Tisha B’av & The 3 Weeks 2019
Why We Cry Over the Destruction of the Temple
Why do the Jewish People continue mourning the destruction of the Temple for almost two millennia, while the nations of the world move on from their losses quickly?
“Anyone who mourns over Jerusalem merits to see its rejoicing.” (Bava Basra 60b)
The phrasing of this gemara seems difficult - it should have told us that one who mourns will merit and will see Jerusalem’s rejoicing in the future, but it in fact uses the present tense? Furthermore, why is Tisha B’Av considered a mo’ed (the term the Torah uses for chaggim) to the extent that the Shulchan Aruch (552:12) rules that we do not say Tachanun on Tisha B’Av, even on the mincha before it? Surely Tisha B’Av is a very sad day?
The Chasam Sofer (Chiddushim Bava Basra 60b) asks why the Jewish People continue mourning the destruction of the Beis Hamikdash for almost two millennia, while the nations of the world move on from their losses quickly. While there is a decree that mourners eventually forget the sorrow of losing a loved one, one cannot accept condolences (tanchumim) for one who is alive. Therefore, explains the Chasam Sofer, the Jewish People live with the hope that Hashem will save us from our enemies and return us to our land the way it was originally. The knowledge that Hashem will bring things back to the way they were provides us with consolation already now.
The Tosefes Bracha offers an original interpretation of the attempt to console Yaakov when Yosef was sold into slavery. The Torah (Bereshis 37:34-5) says, “And Yaakov mourned for his son many days. And all of his sons and daughters got up to console him.” The implication is that only after ‘many days’ had passed did his children attempt to console him, and the gemara in Nazir (5a) states that the words ‘many days’ indicate a period of twelve months. The gemara (Brachos 58b) says that after 12 months have passed there is a decree that a mourner ‘forgets’ the departed. Thus, since Yaakov had already been mourning Yosef for many days - twelve months - and did not ‘forget’ (get over the loss of) Yosef, his children understood that Yosef had clearly not died. Therefore, they ‘got up’ to console him with the news that Yosef was in fact still alive!
We can use the same principle to explain the present tense expressions about mourning over Jerusalem.
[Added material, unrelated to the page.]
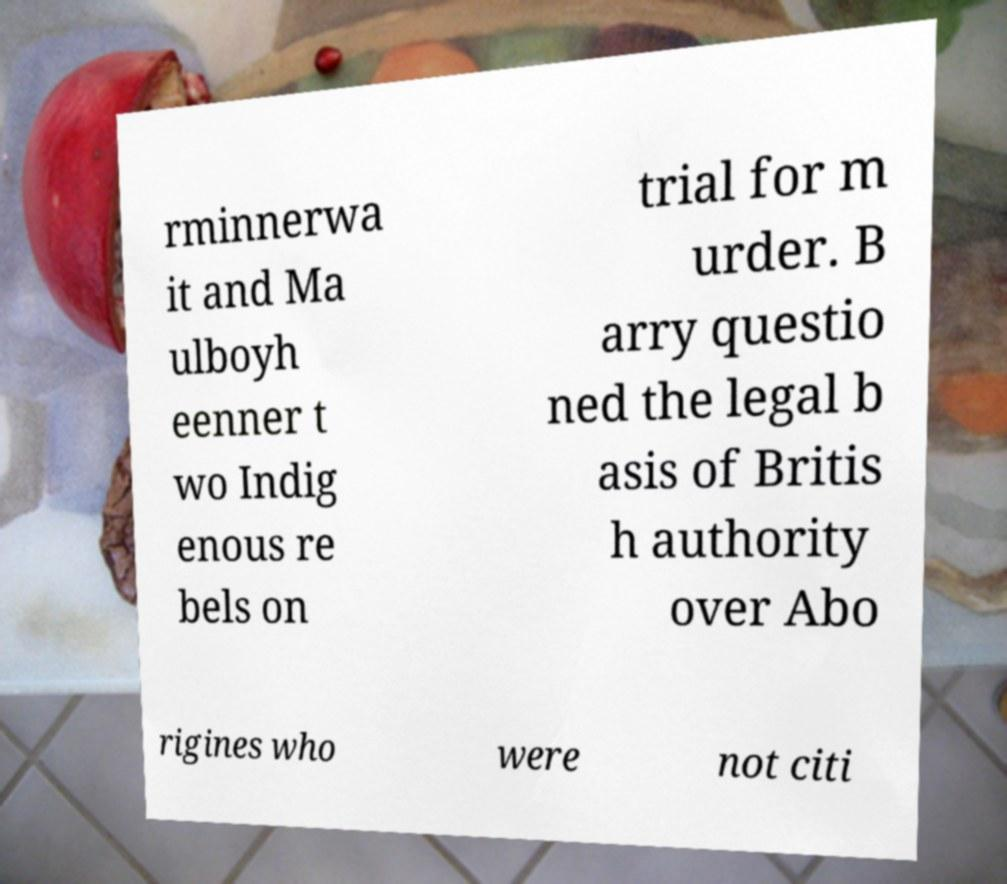Can you read and provide the text displayed in the image?This photo seems to have some interesting text. Can you extract and type it out for me? rminnerwa it and Ma ulboyh eenner t wo Indig enous re bels on trial for m urder. B arry questio ned the legal b asis of Britis h authority over Abo rigines who were not citi 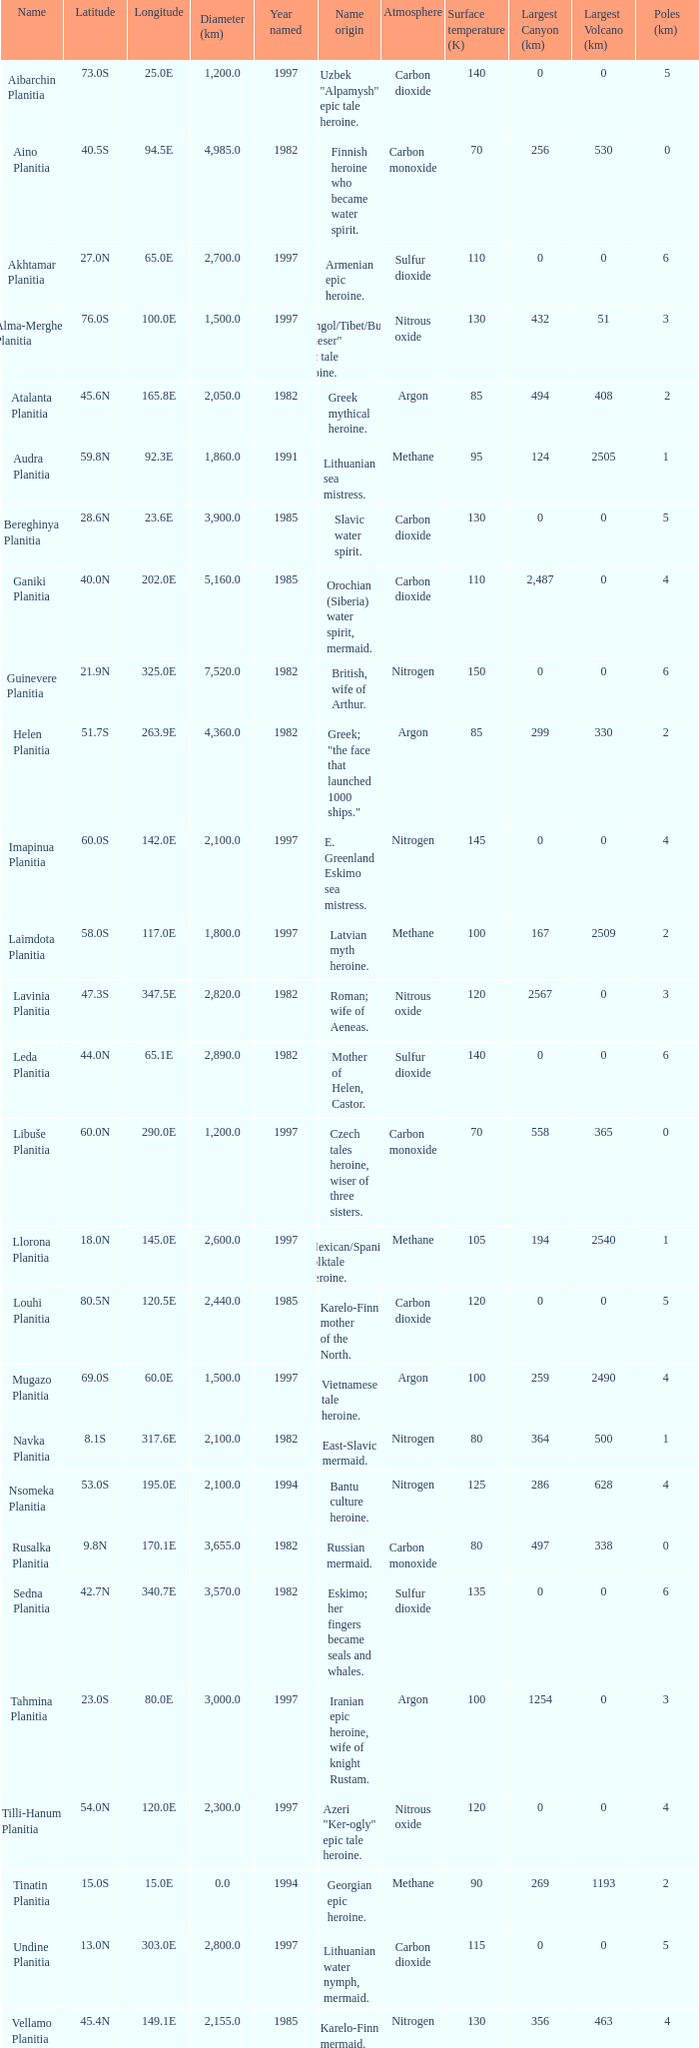Give me the full table as a dictionary. {'header': ['Name', 'Latitude', 'Longitude', 'Diameter (km)', 'Year named', 'Name origin', 'Atmosphere', 'Surface temperature (K)', 'Largest Canyon (km)', 'Largest Volcano (km)', 'Poles (km) '], 'rows': [['Aibarchin Planitia', '73.0S', '25.0E', '1,200.0', '1997', 'Uzbek "Alpamysh" epic tale heroine.', 'Carbon dioxide', '140', '0', '0', '5'], ['Aino Planitia', '40.5S', '94.5E', '4,985.0', '1982', 'Finnish heroine who became water spirit.', 'Carbon monoxide', '70', '256', '530', '0'], ['Akhtamar Planitia', '27.0N', '65.0E', '2,700.0', '1997', 'Armenian epic heroine.', 'Sulfur dioxide', '110', '0', '0', '6 '], ['Alma-Merghen Planitia', '76.0S', '100.0E', '1,500.0', '1997', 'Mongol/Tibet/Buryat "Gheser" epic tale heroine.', 'Nitrous oxide', '130', '432', '51', '3 '], ['Atalanta Planitia', '45.6N', '165.8E', '2,050.0', '1982', 'Greek mythical heroine.', 'Argon', '85', '494', '408', '2'], ['Audra Planitia', '59.8N', '92.3E', '1,860.0', '1991', 'Lithuanian sea mistress.', 'Methane', '95', '124', '2505', '1 '], ['Bereghinya Planitia', '28.6N', '23.6E', '3,900.0', '1985', 'Slavic water spirit.', 'Carbon dioxide', '130', '0', '0', '5 '], ['Ganiki Planitia', '40.0N', '202.0E', '5,160.0', '1985', 'Orochian (Siberia) water spirit, mermaid.', 'Carbon dioxide', '110', '2,487', '0', '4 '], ['Guinevere Planitia', '21.9N', '325.0E', '7,520.0', '1982', 'British, wife of Arthur.', 'Nitrogen', '150', '0', '0', '6 '], ['Helen Planitia', '51.7S', '263.9E', '4,360.0', '1982', 'Greek; "the face that launched 1000 ships."', 'Argon', '85', '299', '330', '2 '], ['Imapinua Planitia', '60.0S', '142.0E', '2,100.0', '1997', 'E. Greenland Eskimo sea mistress.', 'Nitrogen', '145', '0', '0', '4 '], ['Laimdota Planitia', '58.0S', '117.0E', '1,800.0', '1997', 'Latvian myth heroine.', 'Methane', '100', '167', '2509', '2 '], ['Lavinia Planitia', '47.3S', '347.5E', '2,820.0', '1982', 'Roman; wife of Aeneas.', 'Nitrous oxide', '120', '2567', '0', '3 '], ['Leda Planitia', '44.0N', '65.1E', '2,890.0', '1982', 'Mother of Helen, Castor.', 'Sulfur dioxide', '140', '0', '0', '6 '], ['Libuše Planitia', '60.0N', '290.0E', '1,200.0', '1997', 'Czech tales heroine, wiser of three sisters.', 'Carbon monoxide', '70', '558', '365', '0 '], ['Llorona Planitia', '18.0N', '145.0E', '2,600.0', '1997', 'Mexican/Spanish folktale heroine.', 'Methane', '105', '194', '2540', '1 '], ['Louhi Planitia', '80.5N', '120.5E', '2,440.0', '1985', 'Karelo-Finn mother of the North.', 'Carbon dioxide', '120', '0', '0', '5 '], ['Mugazo Planitia', '69.0S', '60.0E', '1,500.0', '1997', 'Vietnamese tale heroine.', 'Argon', '100', '259', '2490', '4 '], ['Navka Planitia', '8.1S', '317.6E', '2,100.0', '1982', 'East-Slavic mermaid.', 'Nitrogen', '80', '364', '500', '1 '], ['Nsomeka Planitia', '53.0S', '195.0E', '2,100.0', '1994', 'Bantu culture heroine.', 'Nitrogen', '125', '286', '628', '4 '], ['Rusalka Planitia', '9.8N', '170.1E', '3,655.0', '1982', 'Russian mermaid.', 'Carbon monoxide', '80', '497', '338', '0 '], ['Sedna Planitia', '42.7N', '340.7E', '3,570.0', '1982', 'Eskimo; her fingers became seals and whales.', 'Sulfur dioxide', '135', '0', '0', '6 '], ['Tahmina Planitia', '23.0S', '80.0E', '3,000.0', '1997', 'Iranian epic heroine, wife of knight Rustam.', 'Argon', '100', '1254', '0', '3 '], ['Tilli-Hanum Planitia', '54.0N', '120.0E', '2,300.0', '1997', 'Azeri "Ker-ogly" epic tale heroine.', 'Nitrous oxide', '120', '0', '0', '4 '], ['Tinatin Planitia', '15.0S', '15.0E', '0.0', '1994', 'Georgian epic heroine.', 'Methane', '90', '269', '1193', '2 '], ['Undine Planitia', '13.0N', '303.0E', '2,800.0', '1997', 'Lithuanian water nymph, mermaid.', 'Carbon dioxide', '115', '0', '0', '5 '], ['Vellamo Planitia', '45.4N', '149.1E', '2,155.0', '1985', 'Karelo-Finn mermaid.', 'Nitrogen', '130', '356', '463', '4']]} What is the diameter (km) of the feature of latitude 23.0s 3000.0.

If we give up hope of seeing Jerusalem rebuilt then it is considered dead, but since we do not ever despair - we continue to mourn and cry over Jerusalem’s destruction - that itself is an indication that Jerusalem is really still alive. That is why we are glad to mourn, because that in itself shows us that even if it takes a long time Jerusalem - and the Beis Hamikdash - will eventually be rebuilt. Therefore we merit to see its rejoicing in the present.
The Yaavetz mentions this idea in his siddur. In examining the nusach hatefilla he wonders why we ask for mercy for Jerusalem and the Beis Hamikdash if they do not exist. His answer should be obvious to us now: they do exist, but are not visibly to the physical eye - they are in the upper, spiritual realms, and therefore it is reasonable to ask for mercy on them.
The Yeshuos Yaakov (560:2) uses our principle to explain various practices associated with remembering the churban. We break a glass at every chuppa, limit the music at weddings, and the chassan places ashes on his head, while when building a home we leave a square of the wall bare as a reminder of the Beis Hamikdash. These practices remind us that our simcha is not complete because of the churban, but they also add to the simcha because by continuing to mourn we see that Jerusalem is not being forgotten and therefore it is still alive and will certainly be rebuilt! Perhaps that explains the custom to call out Mazal Tov right after the glass is broken.
May we merit to see not just the reminders of the continuing existence of Jerusalem in the spiritual realms, but also the actual physical rebuilding of the Beis Hamikdash speedily in our days, Amen!